Token maxing inflated demand

  1. From 2023 onward, companies pushed employees to use AI tools, and token usage became a performance signal or status marker.
  2. Employees allegedly began using excessive tokens to look more productive, a behavior described as token maxing.
  3. The transcript says token-heavy usage expanded from text prompts into video, image, code, and minor engineering tasks, driving costs higher.
  4. Statements from executives, including Nvidia's CEO, are presented as encouraging heavy token spending, which may have inflated demand beyond real business need.

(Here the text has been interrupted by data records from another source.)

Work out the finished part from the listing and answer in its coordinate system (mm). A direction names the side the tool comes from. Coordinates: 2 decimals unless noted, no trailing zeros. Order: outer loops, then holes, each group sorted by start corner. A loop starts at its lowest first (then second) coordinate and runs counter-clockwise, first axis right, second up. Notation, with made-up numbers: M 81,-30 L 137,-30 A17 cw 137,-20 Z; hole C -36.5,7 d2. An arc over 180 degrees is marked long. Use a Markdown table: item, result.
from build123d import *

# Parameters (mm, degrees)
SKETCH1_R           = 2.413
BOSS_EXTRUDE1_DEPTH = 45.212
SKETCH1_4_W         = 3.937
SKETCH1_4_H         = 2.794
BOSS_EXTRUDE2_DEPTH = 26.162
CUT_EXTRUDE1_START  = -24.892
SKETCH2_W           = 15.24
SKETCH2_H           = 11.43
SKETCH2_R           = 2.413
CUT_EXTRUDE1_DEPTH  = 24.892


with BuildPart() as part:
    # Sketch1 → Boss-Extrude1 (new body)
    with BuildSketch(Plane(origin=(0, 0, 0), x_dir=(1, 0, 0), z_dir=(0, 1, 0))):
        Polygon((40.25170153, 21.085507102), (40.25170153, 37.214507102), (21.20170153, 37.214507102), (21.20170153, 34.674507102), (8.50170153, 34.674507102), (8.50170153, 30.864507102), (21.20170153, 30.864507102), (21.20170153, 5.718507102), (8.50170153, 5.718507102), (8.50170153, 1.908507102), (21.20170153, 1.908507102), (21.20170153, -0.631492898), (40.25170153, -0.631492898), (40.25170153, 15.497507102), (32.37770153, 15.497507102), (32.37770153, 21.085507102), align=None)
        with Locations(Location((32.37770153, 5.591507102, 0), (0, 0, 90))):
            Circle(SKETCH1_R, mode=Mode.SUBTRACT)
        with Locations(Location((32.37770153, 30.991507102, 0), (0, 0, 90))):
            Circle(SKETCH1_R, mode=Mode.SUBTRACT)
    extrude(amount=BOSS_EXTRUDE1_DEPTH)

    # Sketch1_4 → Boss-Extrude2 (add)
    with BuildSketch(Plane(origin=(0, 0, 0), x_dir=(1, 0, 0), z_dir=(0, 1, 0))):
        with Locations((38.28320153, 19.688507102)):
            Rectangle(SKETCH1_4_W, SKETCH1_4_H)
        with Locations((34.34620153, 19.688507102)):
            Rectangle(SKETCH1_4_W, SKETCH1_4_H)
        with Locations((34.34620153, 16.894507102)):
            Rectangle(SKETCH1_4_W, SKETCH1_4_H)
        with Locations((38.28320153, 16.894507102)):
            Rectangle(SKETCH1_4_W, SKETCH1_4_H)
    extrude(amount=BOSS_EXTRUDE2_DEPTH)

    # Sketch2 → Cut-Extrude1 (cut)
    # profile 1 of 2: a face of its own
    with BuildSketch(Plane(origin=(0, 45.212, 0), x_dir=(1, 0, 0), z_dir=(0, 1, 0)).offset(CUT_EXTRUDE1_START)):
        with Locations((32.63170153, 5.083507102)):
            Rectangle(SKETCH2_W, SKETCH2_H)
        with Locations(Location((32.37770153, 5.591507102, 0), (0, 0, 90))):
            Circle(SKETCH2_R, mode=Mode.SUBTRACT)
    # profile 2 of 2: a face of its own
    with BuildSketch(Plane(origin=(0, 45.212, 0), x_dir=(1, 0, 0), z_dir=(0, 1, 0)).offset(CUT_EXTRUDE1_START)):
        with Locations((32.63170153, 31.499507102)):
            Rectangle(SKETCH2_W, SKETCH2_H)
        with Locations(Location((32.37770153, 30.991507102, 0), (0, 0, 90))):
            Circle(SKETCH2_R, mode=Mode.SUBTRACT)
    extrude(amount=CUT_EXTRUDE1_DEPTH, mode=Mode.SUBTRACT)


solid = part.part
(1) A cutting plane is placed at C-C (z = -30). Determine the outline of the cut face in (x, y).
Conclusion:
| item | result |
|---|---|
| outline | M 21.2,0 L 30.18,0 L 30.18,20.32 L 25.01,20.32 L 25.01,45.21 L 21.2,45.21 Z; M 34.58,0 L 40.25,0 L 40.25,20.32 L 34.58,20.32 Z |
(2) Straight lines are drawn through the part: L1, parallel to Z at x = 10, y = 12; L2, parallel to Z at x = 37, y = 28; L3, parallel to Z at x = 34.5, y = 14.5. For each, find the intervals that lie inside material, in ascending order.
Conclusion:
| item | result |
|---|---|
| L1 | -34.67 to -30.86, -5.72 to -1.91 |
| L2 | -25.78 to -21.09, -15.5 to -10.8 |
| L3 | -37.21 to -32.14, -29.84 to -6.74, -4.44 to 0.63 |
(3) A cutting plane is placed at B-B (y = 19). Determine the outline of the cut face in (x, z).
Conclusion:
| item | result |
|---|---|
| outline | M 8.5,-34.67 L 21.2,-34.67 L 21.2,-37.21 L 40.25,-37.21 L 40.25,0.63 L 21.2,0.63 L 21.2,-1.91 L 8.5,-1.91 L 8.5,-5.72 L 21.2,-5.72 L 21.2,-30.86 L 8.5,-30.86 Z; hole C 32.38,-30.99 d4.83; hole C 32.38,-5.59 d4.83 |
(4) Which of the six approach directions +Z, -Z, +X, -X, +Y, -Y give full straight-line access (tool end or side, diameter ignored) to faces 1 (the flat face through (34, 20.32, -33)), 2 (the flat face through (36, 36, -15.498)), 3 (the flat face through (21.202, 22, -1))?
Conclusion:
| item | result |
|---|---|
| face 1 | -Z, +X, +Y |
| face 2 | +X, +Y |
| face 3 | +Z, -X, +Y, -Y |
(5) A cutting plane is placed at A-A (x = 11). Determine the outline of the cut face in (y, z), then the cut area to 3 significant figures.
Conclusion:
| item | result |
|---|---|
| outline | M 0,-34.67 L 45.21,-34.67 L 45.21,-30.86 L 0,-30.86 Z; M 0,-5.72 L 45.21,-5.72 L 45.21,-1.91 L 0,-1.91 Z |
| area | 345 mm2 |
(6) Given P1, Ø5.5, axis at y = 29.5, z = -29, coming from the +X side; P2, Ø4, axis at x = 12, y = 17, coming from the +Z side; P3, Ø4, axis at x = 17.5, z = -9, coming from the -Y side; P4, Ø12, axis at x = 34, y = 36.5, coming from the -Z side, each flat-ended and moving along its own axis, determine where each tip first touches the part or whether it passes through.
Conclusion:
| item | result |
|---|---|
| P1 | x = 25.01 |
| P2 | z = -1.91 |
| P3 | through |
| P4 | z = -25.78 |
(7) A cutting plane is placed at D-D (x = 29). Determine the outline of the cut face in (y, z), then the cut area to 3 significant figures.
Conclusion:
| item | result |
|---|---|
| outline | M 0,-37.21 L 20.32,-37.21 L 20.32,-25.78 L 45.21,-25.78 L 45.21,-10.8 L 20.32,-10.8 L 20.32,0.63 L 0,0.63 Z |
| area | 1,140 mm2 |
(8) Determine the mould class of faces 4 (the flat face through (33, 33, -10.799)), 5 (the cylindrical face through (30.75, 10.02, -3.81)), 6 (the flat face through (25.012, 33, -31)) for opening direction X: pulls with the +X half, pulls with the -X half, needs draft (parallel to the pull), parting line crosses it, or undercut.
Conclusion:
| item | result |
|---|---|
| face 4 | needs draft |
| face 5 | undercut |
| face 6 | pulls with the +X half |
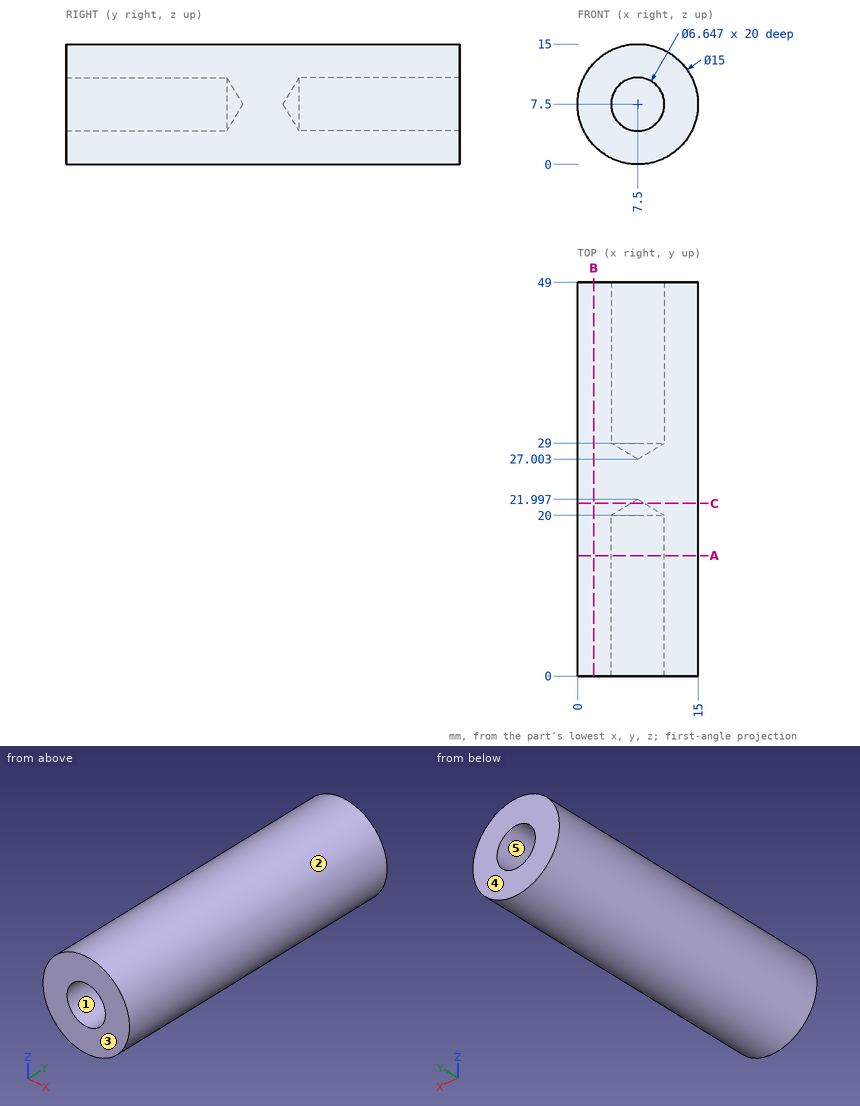
The drawing under review shows one solid part. Ordinate dimensions are in mm from its lowest x, y, z. A direction names the side the tool comes from. Round coordinates to 2 decimals unless told otherwise and drop trailing zeros. Loops run counter-clockwise (first coordinate to the right, second up) from the corner with the lowest first, then second, coordinate; pieces in that order, holes last. Notation, with made-up numbers: (-12.5, 27.5) - (10.5, 27.5) arc R12 ccw to (10.5, 37.5) - close; hole circle Ø5 at (-9, -5.75). An arc over 180 degrees is marked (long way). Use one line per item in the form item = value.
Item 1: Mouldability with a two-part tool opening along Z and no side actions: class the marked faces 1, 2 and 3 as +Z half, -Z half, draft (parallel to the pull), parting line (faces both ways), or undercut.
Answers:
face_1 = undercut
face_2 = parting line
face_3 = draft
Item 2: For line 1 (Z direction, x = 7.5, y = 15); line 2 (X direction, y = 39, z = 8.5); line 3 (X direction, y = 11, z = 4.75), list the stretches that pass through material, from the lowest coordinate up.
Answers:
line_1 = 0 to 4.18, 10.82 to 15
line_2 = 0.07 to 4.33, 10.67 to 14.93
line_3 = 0.52 to 5.63, 9.37 to 14.48
Item 3: Consider section C-C on y = 21.5. Write out the cut boundary in (x, z), then the cut area to 3 significant figures.
Answers:
outline = circle Ø15 at (7.5, 7.5); hole circle Ø1.65 at (7.5, 7.5)
area = 175 mm^2
Item 4: Consider section B-B on x = 2. Write out the cut boundary in (y, z), then the cut area to 3 significant figures.
Answers:
outline = (0, 2.4) - (49, 2.4) - (49, 12.6) - (0, 12.6) - close
area = 500 mm^2
Item 5: Clearance check with flat-ended pins moving along their axes: P1, Ø1.5, axis at y = 34, z = 5.5, coming from the +X side; P2, Ø5.5, axis at x = 7.5, z = 7.5, coming from the +Y side; P3, Ø4, axis at x = 7.5, z = 7.5, coming from the -Y side. State where each tip first meets the part, or that it passes through.
Answers:
P1 = 14.9
P2 = 28.66
P3 = 20.8
Item 6: Tool access review of the marked faces 4 and 5: name each direction out of +Z, -Z, +X, -X, +Y, -Y from which nothing blocks a thin tool from reaching the whole face with its end or side.
Answers:
face_4 = +Z, -Z, +X, -X, +Y
face_5 = +Y
Item 7: Consider section A-A on y = 15. Write out the cut boundary in (x, z), then the cut area to 3 significant figures.
Answers:
outline = circle Ø15 at (7.5, 7.5); hole circle Ø6.65 at (7.5, 7.5)
area = 142 mm^2

Infrastructure constraints and rising prices

  1. The video claims data center construction delays and component shortages limited AI infrastructure supply while demand continued to rise.
  2. It questions whether reported AI demand reflects real enterprise adoption or inflated internal usage metrics.
  3. The transcript says token maxing, data center delays, and global AI adoption contributed to significant token price increases.
  4. It cites average LLM token costs rising from $1.01 per million tokens in December 2025 to $2.12 per million tokens by May 2026.

Enterprise budgets under pressure

  1. At large companies, small per-token price increases can translate into tens or hundreds of millions of dollars in monthly or yearly spending.
  2. The transcript gives examples such as AT&T using nearly 8 billion tokens per day and Meta allegedly consuming nearly 60 trillion tokens in a month.
  3. Anthropic and OpenAI are described as benefiting from enterprise AI adoption, with Anthropic revenue projected to rise sharply in 2026.
  4. Companies are reportedly exhausting AI budgets quickly, making it less clear that AI remains cheaper than human labor.

Companies reconsider AI costs

  1. Microsoft reportedly instructed engineers to stop using Anthropic coding tools, with high Claude Code costs presented as the main reason.
  2. The video says other companies are also pulling back as finance departments struggle to justify fast-growing AI expenses.
  3. It cites forecasts that AI could become a large share of enterprise technology spending, with AI agent and model spending projected to reach $680 billion by 2027.
  4. The transcript argues that if OpenAI and Anthropic face shareholder pressure after public listings, token prices may rise further to support profitability.

AI versus human labor

  1. The video concludes that AI agents are already comparable to human labor costs in some tasks and more expensive in others, especially call centers.
  2. It says AI remains cheaper for some coding tasks, but offers smaller savings in data entry and may be less cost-effective than humans in customer support work.
  3. The final point is that companies may soon reassess whether paying rising AI costs makes sense compared with rehiring or retaining human workers.